> [Task statement]: Report the number of lines in the material below that contain "high", without any other words.

> [Material for this task]:
»»

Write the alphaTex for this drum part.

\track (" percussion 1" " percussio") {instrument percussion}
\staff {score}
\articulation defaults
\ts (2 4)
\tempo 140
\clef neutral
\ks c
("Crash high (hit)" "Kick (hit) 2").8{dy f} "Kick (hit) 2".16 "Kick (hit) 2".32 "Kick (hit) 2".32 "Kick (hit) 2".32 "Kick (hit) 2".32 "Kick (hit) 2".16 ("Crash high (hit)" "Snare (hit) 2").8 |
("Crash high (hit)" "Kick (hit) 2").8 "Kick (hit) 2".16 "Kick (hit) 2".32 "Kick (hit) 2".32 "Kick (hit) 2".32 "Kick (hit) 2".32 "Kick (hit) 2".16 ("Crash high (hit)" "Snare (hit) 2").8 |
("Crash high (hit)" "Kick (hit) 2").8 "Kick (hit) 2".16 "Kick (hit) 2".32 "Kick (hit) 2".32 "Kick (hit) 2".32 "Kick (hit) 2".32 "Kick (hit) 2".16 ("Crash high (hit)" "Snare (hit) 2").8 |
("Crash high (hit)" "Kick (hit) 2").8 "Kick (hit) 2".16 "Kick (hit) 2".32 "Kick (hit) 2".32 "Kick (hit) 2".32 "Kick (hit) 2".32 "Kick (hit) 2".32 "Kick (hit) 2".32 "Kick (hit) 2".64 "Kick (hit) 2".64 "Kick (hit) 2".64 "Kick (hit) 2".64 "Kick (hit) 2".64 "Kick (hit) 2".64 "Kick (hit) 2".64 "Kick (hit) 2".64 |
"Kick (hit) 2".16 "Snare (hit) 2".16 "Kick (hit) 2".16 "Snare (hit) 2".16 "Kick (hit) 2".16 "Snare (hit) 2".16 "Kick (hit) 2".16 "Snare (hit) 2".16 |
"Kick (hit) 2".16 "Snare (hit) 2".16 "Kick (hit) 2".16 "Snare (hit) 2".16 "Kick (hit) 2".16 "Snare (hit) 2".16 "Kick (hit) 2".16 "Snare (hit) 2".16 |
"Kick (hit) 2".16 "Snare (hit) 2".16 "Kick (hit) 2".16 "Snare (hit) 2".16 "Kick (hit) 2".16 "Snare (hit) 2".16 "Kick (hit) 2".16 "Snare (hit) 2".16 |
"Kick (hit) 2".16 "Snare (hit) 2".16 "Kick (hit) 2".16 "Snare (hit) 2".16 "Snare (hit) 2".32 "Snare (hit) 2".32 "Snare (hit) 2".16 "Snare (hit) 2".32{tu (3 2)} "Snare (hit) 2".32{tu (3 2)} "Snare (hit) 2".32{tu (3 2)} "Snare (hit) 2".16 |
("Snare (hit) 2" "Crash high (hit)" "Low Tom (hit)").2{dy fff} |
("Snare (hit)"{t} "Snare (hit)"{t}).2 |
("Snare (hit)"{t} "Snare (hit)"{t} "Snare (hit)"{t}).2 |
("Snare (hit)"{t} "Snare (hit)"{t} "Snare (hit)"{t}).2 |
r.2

««
»»

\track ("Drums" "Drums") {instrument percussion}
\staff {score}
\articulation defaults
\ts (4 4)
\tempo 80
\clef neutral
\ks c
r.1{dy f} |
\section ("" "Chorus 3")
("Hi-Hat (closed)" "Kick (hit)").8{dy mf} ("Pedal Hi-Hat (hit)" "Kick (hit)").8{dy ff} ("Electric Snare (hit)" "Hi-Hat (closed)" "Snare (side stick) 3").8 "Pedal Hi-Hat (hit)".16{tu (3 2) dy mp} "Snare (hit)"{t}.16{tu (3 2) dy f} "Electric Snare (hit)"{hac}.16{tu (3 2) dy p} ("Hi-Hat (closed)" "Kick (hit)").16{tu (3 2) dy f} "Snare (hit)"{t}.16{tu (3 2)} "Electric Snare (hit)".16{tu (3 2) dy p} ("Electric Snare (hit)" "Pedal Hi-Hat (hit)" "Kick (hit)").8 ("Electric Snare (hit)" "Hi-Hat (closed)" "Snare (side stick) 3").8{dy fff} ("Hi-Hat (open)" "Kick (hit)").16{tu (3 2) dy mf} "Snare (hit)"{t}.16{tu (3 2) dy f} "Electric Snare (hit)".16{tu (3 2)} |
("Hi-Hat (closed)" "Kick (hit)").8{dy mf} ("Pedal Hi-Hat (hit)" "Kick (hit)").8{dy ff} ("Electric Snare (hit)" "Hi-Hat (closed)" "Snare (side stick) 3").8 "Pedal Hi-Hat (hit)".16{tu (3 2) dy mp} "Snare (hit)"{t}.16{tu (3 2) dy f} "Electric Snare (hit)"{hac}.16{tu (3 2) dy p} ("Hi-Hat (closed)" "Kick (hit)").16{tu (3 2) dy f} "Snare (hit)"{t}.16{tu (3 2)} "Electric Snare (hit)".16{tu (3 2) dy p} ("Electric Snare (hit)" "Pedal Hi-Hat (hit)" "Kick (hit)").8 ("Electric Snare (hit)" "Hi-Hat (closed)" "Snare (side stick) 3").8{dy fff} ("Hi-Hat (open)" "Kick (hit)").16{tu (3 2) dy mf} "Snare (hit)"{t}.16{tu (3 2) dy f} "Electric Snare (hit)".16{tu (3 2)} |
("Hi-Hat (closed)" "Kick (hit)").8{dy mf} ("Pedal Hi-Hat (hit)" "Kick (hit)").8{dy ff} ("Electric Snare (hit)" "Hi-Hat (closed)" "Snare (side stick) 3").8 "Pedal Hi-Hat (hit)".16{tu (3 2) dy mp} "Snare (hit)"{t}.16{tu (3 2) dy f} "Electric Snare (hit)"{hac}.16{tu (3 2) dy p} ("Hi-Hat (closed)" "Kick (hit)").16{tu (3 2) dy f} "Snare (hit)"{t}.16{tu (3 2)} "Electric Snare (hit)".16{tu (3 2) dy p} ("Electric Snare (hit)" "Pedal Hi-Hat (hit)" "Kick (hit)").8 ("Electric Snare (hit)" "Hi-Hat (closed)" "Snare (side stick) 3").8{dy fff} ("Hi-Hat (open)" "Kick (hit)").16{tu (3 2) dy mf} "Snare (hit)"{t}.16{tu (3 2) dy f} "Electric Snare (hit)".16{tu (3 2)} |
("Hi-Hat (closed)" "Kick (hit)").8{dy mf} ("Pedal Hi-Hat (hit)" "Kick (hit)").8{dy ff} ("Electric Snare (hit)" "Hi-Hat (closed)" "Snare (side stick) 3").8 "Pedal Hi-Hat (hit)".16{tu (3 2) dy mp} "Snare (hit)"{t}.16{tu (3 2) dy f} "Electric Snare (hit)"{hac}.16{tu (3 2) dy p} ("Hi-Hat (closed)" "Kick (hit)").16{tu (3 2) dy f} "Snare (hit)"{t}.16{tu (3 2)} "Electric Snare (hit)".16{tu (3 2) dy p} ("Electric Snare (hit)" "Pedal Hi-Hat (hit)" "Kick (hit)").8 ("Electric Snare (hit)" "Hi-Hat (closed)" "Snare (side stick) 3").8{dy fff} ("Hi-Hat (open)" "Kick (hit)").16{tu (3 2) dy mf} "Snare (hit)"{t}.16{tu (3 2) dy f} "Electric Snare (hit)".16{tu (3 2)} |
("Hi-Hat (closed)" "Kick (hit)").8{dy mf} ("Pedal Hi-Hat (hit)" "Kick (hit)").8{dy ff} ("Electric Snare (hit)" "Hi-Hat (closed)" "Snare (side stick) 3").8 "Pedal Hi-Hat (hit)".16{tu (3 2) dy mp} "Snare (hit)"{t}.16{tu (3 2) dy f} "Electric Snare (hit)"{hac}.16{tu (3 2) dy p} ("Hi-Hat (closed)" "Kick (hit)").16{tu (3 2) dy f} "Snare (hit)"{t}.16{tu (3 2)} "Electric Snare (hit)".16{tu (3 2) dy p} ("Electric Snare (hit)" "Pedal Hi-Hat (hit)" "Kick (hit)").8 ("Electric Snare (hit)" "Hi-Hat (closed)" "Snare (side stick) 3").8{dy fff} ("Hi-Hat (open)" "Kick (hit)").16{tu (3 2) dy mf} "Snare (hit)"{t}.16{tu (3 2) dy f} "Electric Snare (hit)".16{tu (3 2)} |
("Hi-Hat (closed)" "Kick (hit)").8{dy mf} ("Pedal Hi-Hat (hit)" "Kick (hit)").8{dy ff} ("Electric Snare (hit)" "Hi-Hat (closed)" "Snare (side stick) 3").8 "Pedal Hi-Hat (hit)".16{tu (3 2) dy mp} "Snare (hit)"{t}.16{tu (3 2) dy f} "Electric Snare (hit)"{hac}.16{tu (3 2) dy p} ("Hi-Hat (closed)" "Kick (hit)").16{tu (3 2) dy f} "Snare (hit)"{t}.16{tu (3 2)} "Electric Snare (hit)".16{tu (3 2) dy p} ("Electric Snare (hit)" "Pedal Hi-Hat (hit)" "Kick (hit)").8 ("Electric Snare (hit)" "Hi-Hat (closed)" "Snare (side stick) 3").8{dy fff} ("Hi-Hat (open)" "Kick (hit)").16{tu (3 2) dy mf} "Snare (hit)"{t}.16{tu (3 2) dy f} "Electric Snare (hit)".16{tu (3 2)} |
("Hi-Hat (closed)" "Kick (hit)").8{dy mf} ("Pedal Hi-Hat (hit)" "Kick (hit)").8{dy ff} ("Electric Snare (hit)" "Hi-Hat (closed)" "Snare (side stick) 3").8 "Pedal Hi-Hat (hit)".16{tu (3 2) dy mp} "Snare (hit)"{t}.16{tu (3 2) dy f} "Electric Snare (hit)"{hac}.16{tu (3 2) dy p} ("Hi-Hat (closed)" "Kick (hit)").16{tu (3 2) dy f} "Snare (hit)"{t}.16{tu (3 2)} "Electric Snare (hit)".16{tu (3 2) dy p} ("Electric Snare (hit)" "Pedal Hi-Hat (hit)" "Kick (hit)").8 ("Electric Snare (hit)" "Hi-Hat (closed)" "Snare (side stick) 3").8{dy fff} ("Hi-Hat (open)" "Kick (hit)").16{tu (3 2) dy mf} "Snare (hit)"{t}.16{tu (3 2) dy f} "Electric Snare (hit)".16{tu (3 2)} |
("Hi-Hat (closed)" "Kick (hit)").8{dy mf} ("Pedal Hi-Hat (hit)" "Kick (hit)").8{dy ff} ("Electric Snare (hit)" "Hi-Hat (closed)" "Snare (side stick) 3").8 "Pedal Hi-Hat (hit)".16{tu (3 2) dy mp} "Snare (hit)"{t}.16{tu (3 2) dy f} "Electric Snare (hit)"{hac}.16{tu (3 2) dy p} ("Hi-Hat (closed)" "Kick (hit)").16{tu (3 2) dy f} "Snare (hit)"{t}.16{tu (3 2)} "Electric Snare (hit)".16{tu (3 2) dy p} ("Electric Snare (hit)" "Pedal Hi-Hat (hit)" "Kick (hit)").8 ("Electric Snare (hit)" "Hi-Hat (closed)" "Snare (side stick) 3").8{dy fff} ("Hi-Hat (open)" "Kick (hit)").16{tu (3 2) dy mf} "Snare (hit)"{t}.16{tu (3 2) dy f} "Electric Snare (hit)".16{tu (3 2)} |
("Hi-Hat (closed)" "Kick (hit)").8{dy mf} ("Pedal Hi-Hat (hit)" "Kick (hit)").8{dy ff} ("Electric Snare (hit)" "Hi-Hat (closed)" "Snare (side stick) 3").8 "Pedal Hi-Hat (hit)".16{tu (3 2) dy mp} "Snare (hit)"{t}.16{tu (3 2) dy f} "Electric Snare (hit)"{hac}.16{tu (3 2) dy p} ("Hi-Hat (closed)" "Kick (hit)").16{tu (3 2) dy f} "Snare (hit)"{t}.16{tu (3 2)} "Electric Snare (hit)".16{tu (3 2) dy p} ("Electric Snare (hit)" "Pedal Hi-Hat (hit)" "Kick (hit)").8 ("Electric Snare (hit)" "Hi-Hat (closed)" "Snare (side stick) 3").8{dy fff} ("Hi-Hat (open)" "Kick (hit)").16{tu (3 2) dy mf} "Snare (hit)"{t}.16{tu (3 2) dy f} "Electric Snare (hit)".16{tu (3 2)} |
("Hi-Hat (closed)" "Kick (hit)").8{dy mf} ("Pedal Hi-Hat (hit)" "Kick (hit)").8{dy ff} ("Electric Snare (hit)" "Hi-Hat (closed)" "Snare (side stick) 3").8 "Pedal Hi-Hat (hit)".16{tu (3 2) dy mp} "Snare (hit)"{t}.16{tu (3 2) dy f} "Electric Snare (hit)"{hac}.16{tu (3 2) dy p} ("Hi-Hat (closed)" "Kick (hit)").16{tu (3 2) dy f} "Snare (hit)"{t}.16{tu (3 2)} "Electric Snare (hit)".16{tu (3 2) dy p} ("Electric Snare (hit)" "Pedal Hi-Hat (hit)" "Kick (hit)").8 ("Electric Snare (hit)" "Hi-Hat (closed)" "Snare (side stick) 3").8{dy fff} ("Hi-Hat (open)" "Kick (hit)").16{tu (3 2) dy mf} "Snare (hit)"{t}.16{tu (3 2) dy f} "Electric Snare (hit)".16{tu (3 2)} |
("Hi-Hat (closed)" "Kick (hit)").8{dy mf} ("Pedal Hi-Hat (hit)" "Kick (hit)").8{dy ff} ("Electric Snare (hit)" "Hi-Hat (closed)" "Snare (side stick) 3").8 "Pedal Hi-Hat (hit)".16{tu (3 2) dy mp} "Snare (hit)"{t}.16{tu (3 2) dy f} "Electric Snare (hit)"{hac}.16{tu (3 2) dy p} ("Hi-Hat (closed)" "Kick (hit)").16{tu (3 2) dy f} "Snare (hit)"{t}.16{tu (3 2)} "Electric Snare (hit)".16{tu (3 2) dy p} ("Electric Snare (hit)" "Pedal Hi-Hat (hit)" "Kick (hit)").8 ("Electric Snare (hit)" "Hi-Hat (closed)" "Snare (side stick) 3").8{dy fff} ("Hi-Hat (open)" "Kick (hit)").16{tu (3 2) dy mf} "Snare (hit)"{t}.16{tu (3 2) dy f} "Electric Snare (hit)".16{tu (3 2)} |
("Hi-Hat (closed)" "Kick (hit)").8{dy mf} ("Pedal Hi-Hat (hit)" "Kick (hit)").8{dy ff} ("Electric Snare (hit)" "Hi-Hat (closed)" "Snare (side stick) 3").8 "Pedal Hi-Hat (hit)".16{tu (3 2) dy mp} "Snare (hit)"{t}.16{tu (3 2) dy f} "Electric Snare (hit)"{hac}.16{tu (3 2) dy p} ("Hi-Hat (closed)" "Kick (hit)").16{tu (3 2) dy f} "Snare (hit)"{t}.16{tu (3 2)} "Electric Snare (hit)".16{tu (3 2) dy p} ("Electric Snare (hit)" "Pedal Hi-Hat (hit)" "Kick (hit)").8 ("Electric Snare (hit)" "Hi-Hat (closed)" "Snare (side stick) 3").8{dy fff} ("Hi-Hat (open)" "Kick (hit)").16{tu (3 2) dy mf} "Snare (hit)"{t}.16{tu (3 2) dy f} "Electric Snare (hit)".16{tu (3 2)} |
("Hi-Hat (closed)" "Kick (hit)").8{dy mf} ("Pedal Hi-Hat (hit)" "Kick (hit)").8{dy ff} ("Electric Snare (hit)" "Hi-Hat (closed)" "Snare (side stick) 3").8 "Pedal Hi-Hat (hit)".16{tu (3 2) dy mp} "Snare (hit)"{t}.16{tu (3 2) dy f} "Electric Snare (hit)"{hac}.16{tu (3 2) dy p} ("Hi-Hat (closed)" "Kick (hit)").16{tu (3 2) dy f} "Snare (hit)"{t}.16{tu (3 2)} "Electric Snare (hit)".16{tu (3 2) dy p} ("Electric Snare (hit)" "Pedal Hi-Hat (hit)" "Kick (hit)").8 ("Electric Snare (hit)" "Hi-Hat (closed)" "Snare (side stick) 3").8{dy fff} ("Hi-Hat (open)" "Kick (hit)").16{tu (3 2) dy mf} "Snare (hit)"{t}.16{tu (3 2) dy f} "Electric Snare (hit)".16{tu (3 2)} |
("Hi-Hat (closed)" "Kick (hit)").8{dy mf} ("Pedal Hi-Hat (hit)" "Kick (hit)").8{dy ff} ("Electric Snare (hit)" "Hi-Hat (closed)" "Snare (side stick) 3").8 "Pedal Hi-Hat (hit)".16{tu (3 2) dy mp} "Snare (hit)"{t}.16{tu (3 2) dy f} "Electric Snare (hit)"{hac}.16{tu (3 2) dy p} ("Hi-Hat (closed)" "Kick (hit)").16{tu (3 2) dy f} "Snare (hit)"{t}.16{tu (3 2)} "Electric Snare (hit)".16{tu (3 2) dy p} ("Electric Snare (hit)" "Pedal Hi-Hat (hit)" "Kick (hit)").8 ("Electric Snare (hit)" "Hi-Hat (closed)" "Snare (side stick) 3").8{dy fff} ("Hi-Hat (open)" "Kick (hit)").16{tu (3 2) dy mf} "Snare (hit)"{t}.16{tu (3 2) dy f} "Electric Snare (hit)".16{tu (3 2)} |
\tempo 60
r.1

««

> [Your solution]: 5